Because the right to use marks and methods is temporary, the franchise agreement’s termination or expiration functions much like closing a sale-of-business transaction: the seller (the departing franchisee) must step aside so the buyer (the franchisor or a successor operator) can continue to maintain brand goodwill in the same market. Federal courts have therefore imported sale-of-goodwill logic when evaluating post-term noncompete restraints.[42] In Jiffy Lube, the court treated the franchise as a time-bound conveyance of goodwill and upheld a restrictive covenant—after tailoring its reach—because it was necessary to protect that goodwill once the franchise ended. The court explained:

One can view a franchise agreement, in part, as a conveyance of the franchisor’s good will to the franchisee for the length of the franchise. When the franchise terminates, the good will is, metaphysically, reconveyed to the franchisor. A restrictive covenant, reasonably crafted, is necessary to protect the good will after that reconveyance.[43]
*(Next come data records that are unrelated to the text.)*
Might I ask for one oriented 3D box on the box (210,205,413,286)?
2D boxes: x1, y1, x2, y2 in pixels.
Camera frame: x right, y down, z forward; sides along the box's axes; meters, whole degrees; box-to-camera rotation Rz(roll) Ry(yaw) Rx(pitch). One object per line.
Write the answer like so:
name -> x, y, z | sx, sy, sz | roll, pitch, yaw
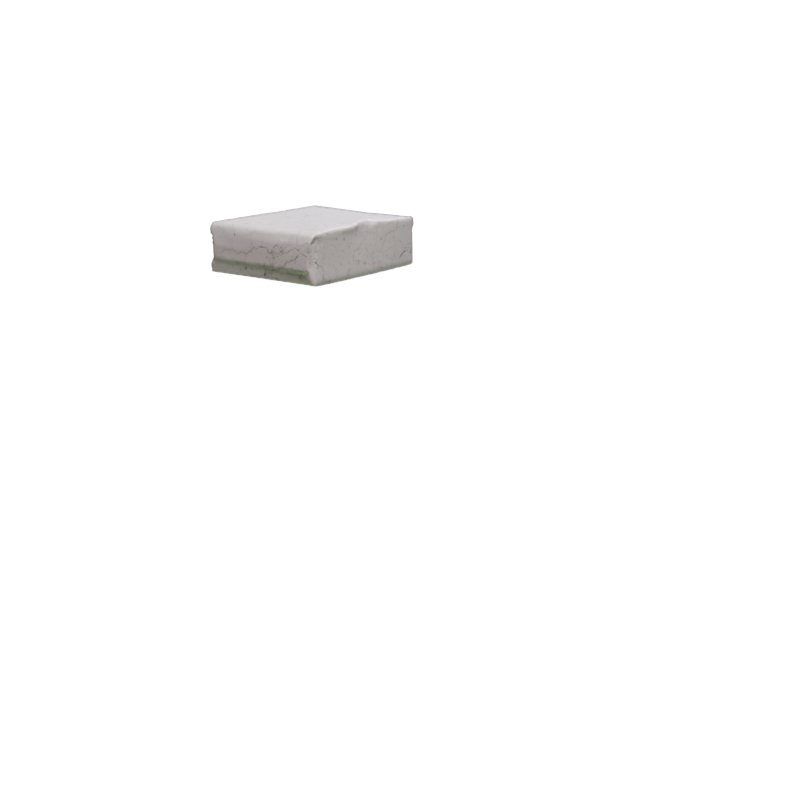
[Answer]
box -> -0.047, -0.086, 0.603 | 0.077, 0.029, 0.087 | 12, 20, 37
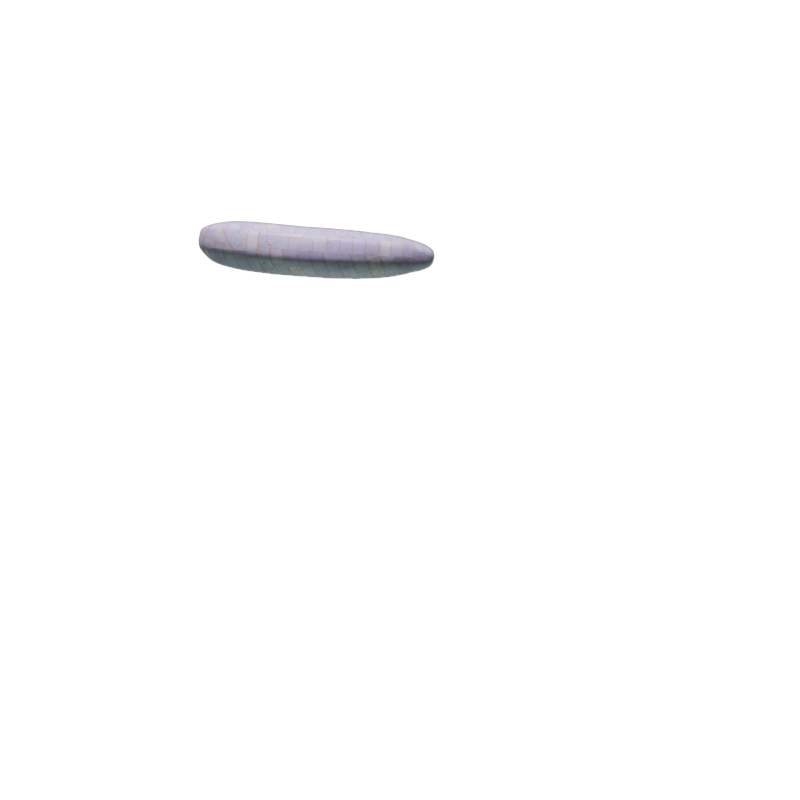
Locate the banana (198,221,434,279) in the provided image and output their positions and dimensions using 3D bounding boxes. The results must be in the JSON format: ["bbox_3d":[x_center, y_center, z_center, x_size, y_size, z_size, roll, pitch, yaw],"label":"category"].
[{"bbox_3d":[-0.077,-0.116,0.839,0.204,0.035,0.070,9,21,22],"label":"banana"}]

This passage summarizes the philosophical underpinning for post-term franchise covenants: they are not designed to shackle labor but to ensure that the goodwill temporarily licensed to a franchisee flows back to its owner unencumbered.
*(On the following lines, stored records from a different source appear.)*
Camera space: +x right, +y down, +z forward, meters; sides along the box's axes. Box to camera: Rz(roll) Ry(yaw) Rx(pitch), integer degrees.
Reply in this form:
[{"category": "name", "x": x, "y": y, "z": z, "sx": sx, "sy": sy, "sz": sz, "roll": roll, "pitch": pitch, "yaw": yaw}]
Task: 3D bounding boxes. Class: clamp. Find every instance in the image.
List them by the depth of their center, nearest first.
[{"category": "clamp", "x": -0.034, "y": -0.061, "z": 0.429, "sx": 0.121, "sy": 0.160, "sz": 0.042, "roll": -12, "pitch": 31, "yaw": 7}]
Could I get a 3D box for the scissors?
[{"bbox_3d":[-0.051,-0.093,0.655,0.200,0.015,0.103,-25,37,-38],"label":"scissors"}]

Similarly, in Certified Restoration Dry Cleaning Network, L.L.C. v. Tenke Corp., the Sixth Circuit enforced a two-year covenant that barred the ex-franchisee from providing restoration dry-cleaning services in and around its former territory, holding that the restraint was narrowly drawn to prevent the misuse of the franchisor’s confidential information, preserve the franchisor’s customer goodwill, and prevent unfair competition.[44]

It bears emphasis that copy-cat risk is concrete, not theoretical, in franchising. The NASAA advisory itself concedes that misuses of a franchised brand’s proprietary assets—marks, trade dress, confidential manuals, and other assets—can erode system value.[45] Case law supplies vivid illustrations. In  AAMCO Transmissions v. Dunlap, the franchisor alleged that its former operator continued servicing vehicles under virtually identical branding, prompting an injunction grounded partly on the covenant.[46] By blocking that instantaneous pivot, a post-term noncompete restraint protects both the franchisor and the remaining franchisees who rely on brand differentiation to maintain market position.
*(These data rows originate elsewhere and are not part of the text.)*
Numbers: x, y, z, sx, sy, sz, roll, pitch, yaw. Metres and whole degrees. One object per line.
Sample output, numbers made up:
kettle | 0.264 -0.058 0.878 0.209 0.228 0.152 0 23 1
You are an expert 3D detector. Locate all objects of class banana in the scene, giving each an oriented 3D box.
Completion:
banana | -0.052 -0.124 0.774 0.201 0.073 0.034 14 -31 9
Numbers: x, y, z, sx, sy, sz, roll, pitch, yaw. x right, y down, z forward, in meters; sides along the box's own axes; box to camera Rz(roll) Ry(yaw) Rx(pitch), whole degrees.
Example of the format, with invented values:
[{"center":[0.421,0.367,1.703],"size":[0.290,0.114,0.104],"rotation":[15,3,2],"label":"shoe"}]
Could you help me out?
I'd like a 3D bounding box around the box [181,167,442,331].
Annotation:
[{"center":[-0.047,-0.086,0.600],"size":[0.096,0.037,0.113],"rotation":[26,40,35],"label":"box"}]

Empirical evidence shows that franchising expands faster when investors trust that system equity will be shielded from imitation. The IFA’s 2025 Franchising Economic Outlook projects that franchise output will exceed $936 billion this year and that unit growth will outpace the broader economy by roughly 2.5%.[47] Those projections assume that franchisors can share recipes, software, and marketing playbooks with hundreds of entrepreneurs without fearing that those entrepreneurs will rebrand and compete in the same trade area the day the relationship ends.[48] In response to the FTC’s Proposed Noncompete Rule, the IFA warned that banning franchise non-compete covenants would be “extremely damaging to the franchise business model, encourage breaches of contract, and hurt small-business owners.”[49]

A Framework for Evaluating Franchise Noncompetes

The policy conversation often poses a false binary: either post-term covenants are presumptively void, or they survive under a nebulous “reasonableness” rubric. Yet American contract law already contains a three-factor test sophisticated enough to separate legitimate system protection from naked restraint. The task is not to invent a new rule but to apply the existing one with franchise-specific markers in mind. What follows is a four-part framework—grounded in trademark licensing, territorial exclusivity, and goodwill reconveyance—that courts, regulators, and deal counsel can deploy to reach consistent, economically sound outcomes.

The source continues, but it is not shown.